Highlights & Insights

  1. Deep insight into objective compatibility: The student's pre-training objective should match that of the teacher model — this explains why MIM + VFM distillation (e.g., Copernicus-FM) underperforms contrastive distillation + VFM distillation.
  2. Exceptional efficiency: Trained on only 500K images (vs. TerraFM's 18M), with 87M parameters (vs.

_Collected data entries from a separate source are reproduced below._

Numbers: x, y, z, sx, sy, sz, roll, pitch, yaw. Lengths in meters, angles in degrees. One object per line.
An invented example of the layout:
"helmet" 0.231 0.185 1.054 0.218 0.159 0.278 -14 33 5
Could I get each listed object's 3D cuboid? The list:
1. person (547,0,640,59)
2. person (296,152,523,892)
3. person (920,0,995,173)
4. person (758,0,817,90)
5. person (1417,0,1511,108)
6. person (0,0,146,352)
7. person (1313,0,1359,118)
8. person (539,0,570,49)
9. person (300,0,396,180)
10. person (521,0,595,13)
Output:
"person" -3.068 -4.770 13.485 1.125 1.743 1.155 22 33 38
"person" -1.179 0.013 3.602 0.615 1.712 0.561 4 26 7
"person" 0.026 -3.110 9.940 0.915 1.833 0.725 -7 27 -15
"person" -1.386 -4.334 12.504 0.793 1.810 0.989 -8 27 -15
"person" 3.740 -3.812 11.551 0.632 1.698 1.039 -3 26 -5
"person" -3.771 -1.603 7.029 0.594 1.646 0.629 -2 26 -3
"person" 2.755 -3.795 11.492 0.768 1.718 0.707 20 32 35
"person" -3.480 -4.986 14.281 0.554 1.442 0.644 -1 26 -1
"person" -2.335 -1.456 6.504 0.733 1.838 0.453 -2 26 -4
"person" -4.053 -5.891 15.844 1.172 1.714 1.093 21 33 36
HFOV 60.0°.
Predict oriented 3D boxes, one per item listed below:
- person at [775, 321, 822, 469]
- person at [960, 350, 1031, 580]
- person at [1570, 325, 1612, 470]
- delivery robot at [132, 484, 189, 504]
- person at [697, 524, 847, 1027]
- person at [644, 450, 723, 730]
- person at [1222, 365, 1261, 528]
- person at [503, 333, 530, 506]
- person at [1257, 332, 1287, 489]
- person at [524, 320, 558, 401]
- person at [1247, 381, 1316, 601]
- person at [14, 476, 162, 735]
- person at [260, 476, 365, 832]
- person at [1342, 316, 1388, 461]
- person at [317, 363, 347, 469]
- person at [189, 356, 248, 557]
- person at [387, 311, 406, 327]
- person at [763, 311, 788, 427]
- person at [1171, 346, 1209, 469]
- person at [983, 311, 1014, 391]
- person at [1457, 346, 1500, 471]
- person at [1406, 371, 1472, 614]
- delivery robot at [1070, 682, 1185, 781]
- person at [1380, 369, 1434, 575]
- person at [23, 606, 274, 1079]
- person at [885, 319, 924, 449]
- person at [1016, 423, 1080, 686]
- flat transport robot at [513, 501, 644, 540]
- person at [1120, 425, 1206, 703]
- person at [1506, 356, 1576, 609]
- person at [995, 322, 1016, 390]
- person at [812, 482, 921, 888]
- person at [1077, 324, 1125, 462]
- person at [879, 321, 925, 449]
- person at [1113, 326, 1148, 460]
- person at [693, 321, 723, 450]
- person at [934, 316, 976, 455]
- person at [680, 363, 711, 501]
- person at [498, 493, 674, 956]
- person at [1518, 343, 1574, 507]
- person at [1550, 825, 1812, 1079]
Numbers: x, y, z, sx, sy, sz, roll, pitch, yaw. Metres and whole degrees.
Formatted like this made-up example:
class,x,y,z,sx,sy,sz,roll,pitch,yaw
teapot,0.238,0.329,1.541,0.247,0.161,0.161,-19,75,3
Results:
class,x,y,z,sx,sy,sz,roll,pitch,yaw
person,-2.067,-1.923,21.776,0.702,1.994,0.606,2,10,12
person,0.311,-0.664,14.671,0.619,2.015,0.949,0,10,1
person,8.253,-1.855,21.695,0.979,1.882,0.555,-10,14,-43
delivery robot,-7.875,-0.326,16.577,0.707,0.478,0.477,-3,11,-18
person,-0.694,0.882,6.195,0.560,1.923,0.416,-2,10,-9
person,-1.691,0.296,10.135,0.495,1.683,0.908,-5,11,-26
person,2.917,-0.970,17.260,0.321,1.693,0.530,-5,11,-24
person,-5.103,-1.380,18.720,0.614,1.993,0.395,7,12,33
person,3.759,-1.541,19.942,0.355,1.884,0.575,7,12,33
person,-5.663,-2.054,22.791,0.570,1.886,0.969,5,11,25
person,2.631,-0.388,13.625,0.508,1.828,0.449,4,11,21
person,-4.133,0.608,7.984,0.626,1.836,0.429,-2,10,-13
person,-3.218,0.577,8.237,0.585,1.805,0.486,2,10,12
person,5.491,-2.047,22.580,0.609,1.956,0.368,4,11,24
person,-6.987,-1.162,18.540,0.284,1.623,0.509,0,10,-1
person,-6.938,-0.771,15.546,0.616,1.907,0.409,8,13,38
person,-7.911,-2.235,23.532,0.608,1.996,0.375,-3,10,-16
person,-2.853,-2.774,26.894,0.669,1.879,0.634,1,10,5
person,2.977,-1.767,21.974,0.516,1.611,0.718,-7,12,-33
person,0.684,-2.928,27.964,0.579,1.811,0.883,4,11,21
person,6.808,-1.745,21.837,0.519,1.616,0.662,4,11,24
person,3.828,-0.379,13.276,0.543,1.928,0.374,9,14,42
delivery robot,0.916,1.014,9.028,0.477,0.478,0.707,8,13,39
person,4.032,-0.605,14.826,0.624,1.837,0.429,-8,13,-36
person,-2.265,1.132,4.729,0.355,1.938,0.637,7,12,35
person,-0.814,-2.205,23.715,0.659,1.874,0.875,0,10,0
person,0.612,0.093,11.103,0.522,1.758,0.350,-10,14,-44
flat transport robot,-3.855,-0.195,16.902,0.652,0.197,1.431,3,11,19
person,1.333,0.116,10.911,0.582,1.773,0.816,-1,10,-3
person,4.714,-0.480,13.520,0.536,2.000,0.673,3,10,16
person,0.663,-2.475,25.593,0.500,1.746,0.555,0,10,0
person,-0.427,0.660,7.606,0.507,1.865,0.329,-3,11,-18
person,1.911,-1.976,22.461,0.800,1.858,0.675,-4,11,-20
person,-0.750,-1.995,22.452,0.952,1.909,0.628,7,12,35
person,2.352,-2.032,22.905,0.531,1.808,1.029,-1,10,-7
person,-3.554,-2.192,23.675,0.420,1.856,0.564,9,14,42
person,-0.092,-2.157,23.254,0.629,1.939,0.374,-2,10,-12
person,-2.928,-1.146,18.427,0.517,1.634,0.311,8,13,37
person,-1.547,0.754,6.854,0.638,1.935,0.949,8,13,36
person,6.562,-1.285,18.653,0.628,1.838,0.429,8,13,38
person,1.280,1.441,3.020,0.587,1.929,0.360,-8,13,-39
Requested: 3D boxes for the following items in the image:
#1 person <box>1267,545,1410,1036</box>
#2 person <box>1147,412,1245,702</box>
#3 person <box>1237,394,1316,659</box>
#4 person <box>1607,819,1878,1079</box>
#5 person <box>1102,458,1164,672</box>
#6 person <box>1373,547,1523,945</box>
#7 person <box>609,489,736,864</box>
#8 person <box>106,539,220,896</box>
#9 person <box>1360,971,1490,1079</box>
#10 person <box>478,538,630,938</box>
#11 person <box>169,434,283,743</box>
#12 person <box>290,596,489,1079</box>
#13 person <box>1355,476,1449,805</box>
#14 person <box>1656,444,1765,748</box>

DINOv3-LS's 303M) and 100 epochs on 16× A100s, yet achieves comprehensive state-of-the-art results.
  3. Non-destructive multimodality: Incorporating MS capability does not sacrifice optical performance — a rare quality in multimodal foundation models.
  4. Swin over ViT: The finer feature resolution from patch size 4 is critical for dense prediction tasks; cross-architecture distillation from a ViT teacher to a Swin student is shown to be effective.

Limitations & Future Work

  1. Limited to 10 Sentinel-2 bands: SAR, thermal infrared, and other modalities are not addressed.
  2. Spatial resolution constraint: Sentinel-2's native 10–60 m resolution limits applications; while high-resolution optical data partially replaces low-resolution bands, MS bands remain low-resolution.
  3. Geographic bias in fMoW: The dataset primarily covers certain regions; generalization to polar, oceanic, and other underrepresented areas remains unknown.
  4. Whether larger student models could further benefit from this framework is left unexplored.
  • DINOv3: The latest vision foundation model with particular attention to remote sensing — DEO demonstrates the merit of efficiently leveraging its knowledge rather than competing from scratch.
  • Coding Rate Regularization: Derived from MCR² (Ma et al.), it replaces negative sampling/temperature scaling in conventional contrastive learning, preventing representation collapse more elegantly.
  • Implications for the EO community: Rather than investing enormous compute to train MS foundation models from scratch, efficiently absorbing knowledge from existing VFMs via distillation points toward a sustainable EO foundation model ecosystem.

Rating

⭐⭐⭐⭐⭐ — Insightful (objective compatibility), highly efficient (SOTA with only 500K images), and experimentally comprehensive (11 datasets across 3 tasks). An outstanding contribution to the remote sensing foundation model literature.